Two riders holding helmets beside a black sidecar in a city street

El horario

Tres Horas y Media, y Cómo Se Distribuyen

Puntos clave

  • La recogida y el regreso al hotel forman parte de las tres horas y media, por lo que el tiempo se mide de puerta a puerta y no desde un punto de encuentro en algún lugar de la ciudad.
  • El vehículo aparca donde un coche no puede, por lo que el tour es una sucesión de paradas cortas en lugar de un largo trayecto con dos descansos.
  • El tráfico, el clima, la luz y lo que ya ha visto influyen en el recorrido. La estructura se mantiene; las calles específicas son decisión del conductor.
  • Suficientemente largo para cruzar la ciudad adecuadamente, y lo bastante corto para dejar el resto del día libre. Muchas personas lo reservan al inicio de un viaje y luego regresan a pie a sus lugares favoritos.

Por qué el reloj empieza en su puerta

La recogida y el regreso al hotel están incluidas, y en Lisboa esto vale más de lo que parece. La alternativa en una ciudad tan empinada es caminar hasta un punto de encuentro que puede estar cuesta arriba, o un trayecto en metro que termina con una subida, y cualquiera de las dos opciones significa llegar acalorado y un poco retrasado. Aquí, el vehículo llega a la dirección que proporcionó y le deja de vuelta en ella.

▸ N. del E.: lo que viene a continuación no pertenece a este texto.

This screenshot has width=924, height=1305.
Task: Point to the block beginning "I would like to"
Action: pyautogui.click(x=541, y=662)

También elimina la fuente más común de confusión en cualquier tour: encontrar al guía. No hay plaza que identificar, ni paraguas que buscar, ni ambigüedad sobre qué esquina. Si su alojamiento está en una callejuela demasiado estrecha para detenerse, el operador indicará el punto más cercano donde pueda esperar, y será un corto paseo en lugar de un viaje.

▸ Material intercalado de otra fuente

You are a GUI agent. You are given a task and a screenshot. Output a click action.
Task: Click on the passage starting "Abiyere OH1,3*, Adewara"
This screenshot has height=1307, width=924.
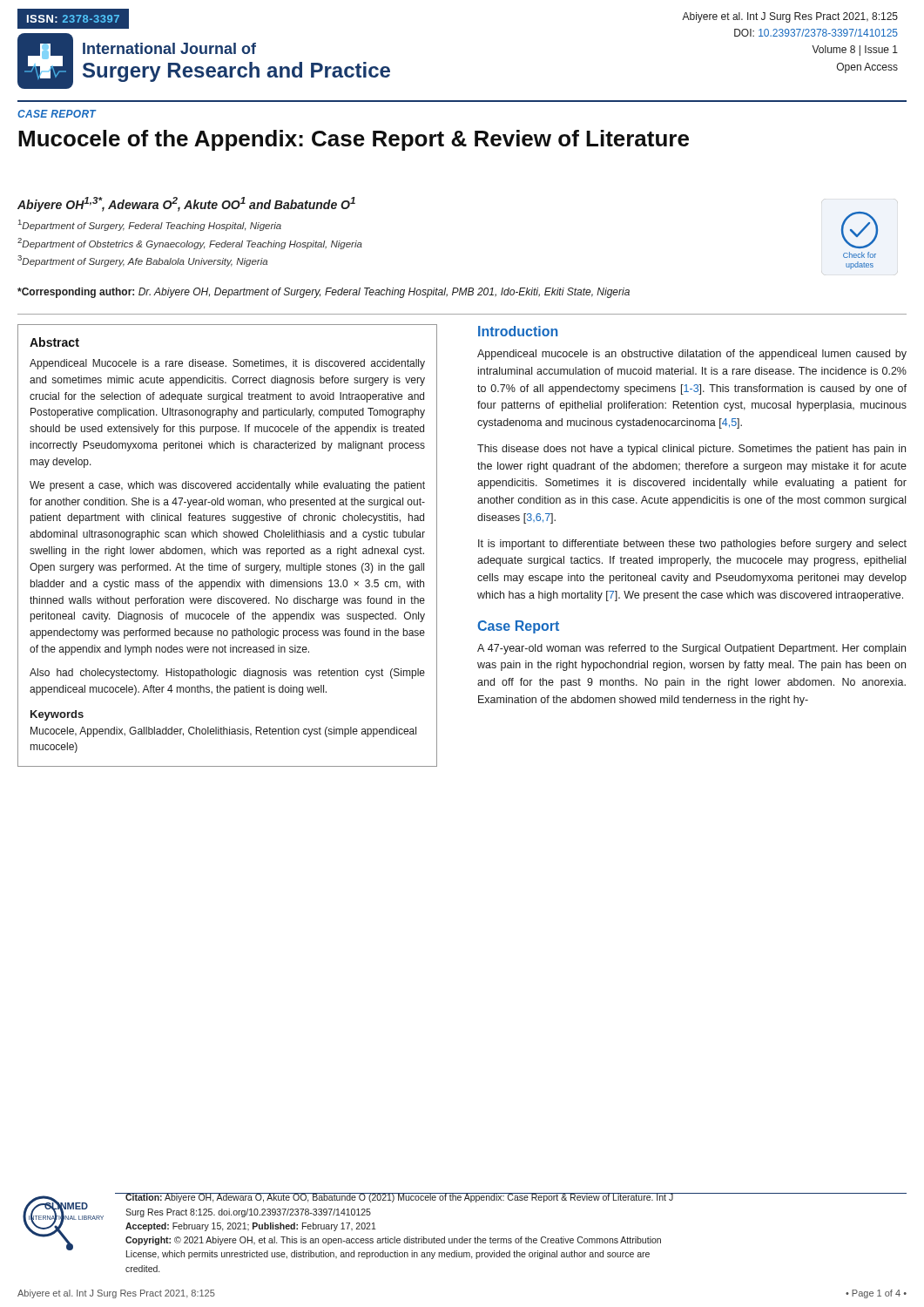(x=187, y=203)

La implicación práctica es que las tres horas y media son genuinamente tres horas y media de tour, no dos horas y media más la logística para llegar a él.

El primer tramo

La parte inicial es de transición. Dependiendo de dónde se aloje, normalmente hay un recorrido por el tráfico urbano ordinario para pasar de las zonas modernas de Lisboa a las históricas, y esta es la parte más rápida y menos interesante del tour. También es donde se descubre cómo se siente el vehículo a velocidad y se siente el viento de lleno en la cara.

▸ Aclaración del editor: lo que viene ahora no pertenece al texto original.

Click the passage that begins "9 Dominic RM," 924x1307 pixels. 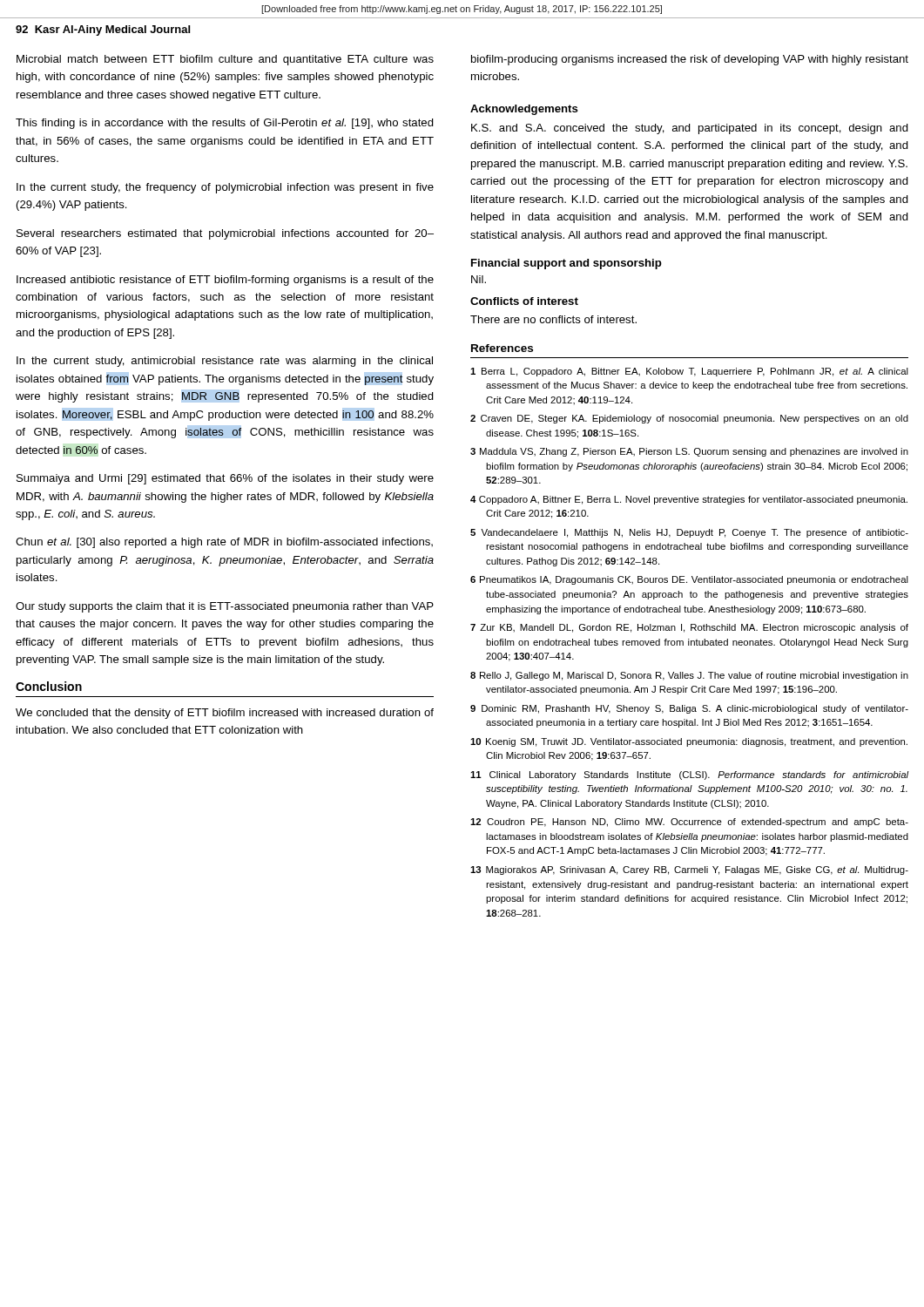coord(689,715)

Esto es deliberado, no una pérdida de tiempo. Llegar a los barrios antiguos desde fuera permite apreciar el contraste entre las avenidas planificadas del siglo XIX y las callejuelas medievales que se alzan sobre ellas, que es lo esencial para entender la forma de Lisboa.

Una vez que las calles se estrechan, el ritmo disminuye drásticamente y se mantiene así. A partir de ese momento, el tour se desarrolla a una velocidad cercana a la de caminar, con el motor haciendo las subidas.

El centro, que es el tour

El núcleo de las tres horas y media es un circuito por los barrios de las colinas con paradas repetidas. La secuencia exacta varía, pero el ritmo es constante: subir una calle, parar en una terraza, ponerse de pie, mirar y que le fotografíen, volver al sidecar, bajar por el otro lado, cruzar a la siguiente colina y repetir.

Entre las terrazas hay paradas más pequeñas que marcan la diferencia: una esquina donde la línea del tranvía y una fachada decorada se alinean, una plaza con fuente, una puerta con vistas a un tramo de escaleras. Estas toman dos minutos cada una y puede haber varias, y son las que la gente recuerda.

Normalmente hay al menos una parada lo suficientemente larga para tomar un café si lo desea. La comida y la bebida no están incluidas en el tour, por lo que es algo que usted gestiona, pero la pausa suele estar integrada en el desarrollo de la tarde.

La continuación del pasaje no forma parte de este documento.